- _DATA FOR THIS TASK_
- - - - -

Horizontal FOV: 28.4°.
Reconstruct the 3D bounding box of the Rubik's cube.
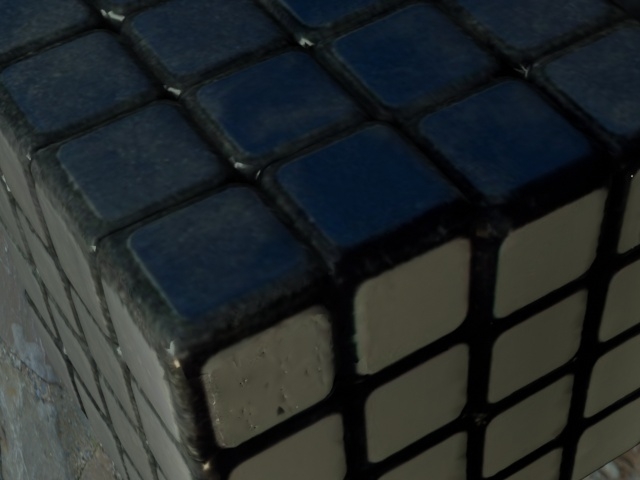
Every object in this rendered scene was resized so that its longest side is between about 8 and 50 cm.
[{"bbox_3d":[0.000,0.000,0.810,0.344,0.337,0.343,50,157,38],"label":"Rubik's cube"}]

- - - - -

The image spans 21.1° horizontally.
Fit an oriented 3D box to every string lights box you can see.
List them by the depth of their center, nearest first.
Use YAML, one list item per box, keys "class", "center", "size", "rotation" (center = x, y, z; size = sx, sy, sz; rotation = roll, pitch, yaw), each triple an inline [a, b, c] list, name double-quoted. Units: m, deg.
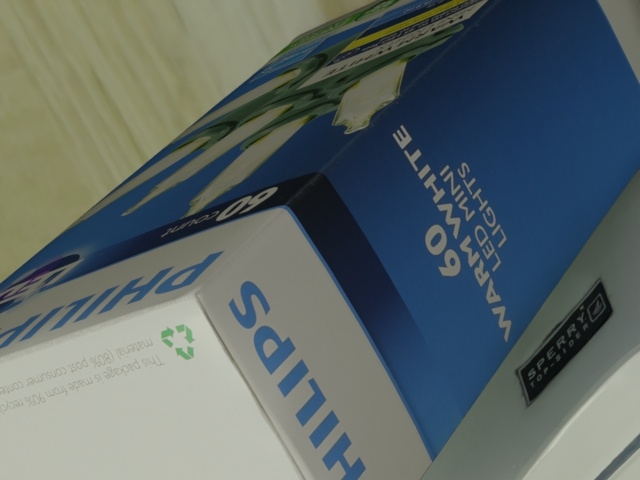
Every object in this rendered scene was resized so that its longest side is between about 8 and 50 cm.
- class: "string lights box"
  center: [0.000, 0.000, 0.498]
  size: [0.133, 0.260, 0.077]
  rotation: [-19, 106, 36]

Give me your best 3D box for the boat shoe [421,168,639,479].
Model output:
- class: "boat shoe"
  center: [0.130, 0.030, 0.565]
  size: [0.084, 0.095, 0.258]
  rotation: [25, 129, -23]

- - - - -

- _TASK PROMPT_
Could you repeat exactly the lines in the listing above from the one with "The image spans 21.1° horizontally." down to the one with "List them by"? Include both of those lines.

- _ANSWER SECTION_
The image spans 21.1° horizontally.
Fit an oriented 3D box to every string lights box you can see.
List them by the depth of their center, nearest first.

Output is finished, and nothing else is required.